Data section:
────────────────────

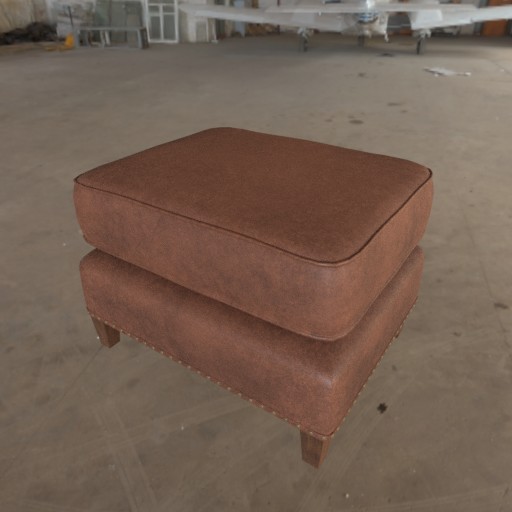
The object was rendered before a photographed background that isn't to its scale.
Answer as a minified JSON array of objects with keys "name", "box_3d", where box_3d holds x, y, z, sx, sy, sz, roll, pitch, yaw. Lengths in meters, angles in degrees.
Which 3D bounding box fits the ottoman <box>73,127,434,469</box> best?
[{"name":"ottoman","box_3d":[0.000,0.000,1.153,0.738,0.537,0.589,19,36,29]}]
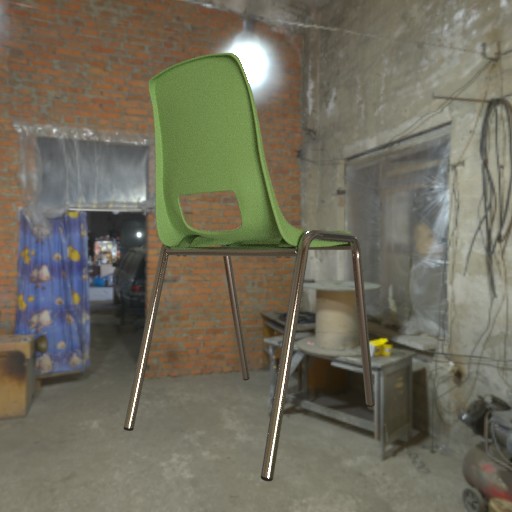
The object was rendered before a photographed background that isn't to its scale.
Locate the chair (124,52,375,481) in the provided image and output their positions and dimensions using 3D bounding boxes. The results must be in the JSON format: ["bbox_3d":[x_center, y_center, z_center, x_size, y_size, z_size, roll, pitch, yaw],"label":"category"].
[{"bbox_3d":[0.000,0.000,0.963,0.381,0.704,0.436,1,1,35],"label":"chair"}]
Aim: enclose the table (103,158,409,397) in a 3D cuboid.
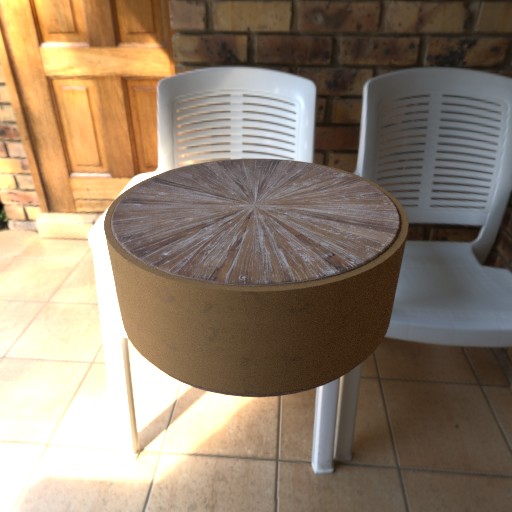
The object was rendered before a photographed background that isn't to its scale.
[{"bbox_3d":[0.000,0.000,1.617,1.001,0.409,1.001,0,31,0],"label":"table"}]
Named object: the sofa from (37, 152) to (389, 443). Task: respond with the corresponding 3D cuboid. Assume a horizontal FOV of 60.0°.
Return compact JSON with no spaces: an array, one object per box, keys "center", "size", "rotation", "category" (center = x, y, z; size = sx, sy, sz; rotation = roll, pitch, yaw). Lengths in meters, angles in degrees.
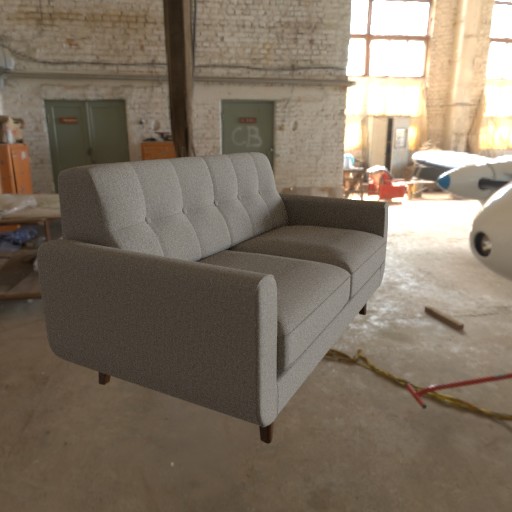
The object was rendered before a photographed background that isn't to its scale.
[{"center":[0.000,0.000,2.131],"size":[0.952,0.925,1.651],"rotation":[8,18,27],"category":"sofa"}]
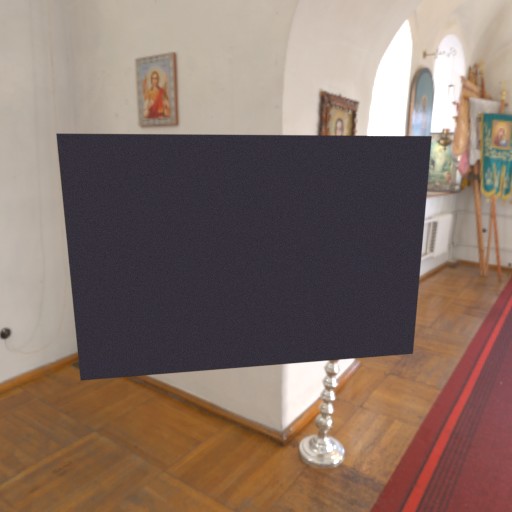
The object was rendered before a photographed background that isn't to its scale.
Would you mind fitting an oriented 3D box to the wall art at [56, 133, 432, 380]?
[{"bbox_3d":[0.000,0.000,1.147,0.908,0.604,0.037,-2,13,-9],"label":"wall art"}]

────────────────────

What to produce: Each line that includes "cuboid" counts once; state how many such lines the listing has, with no other words.

Task result: 2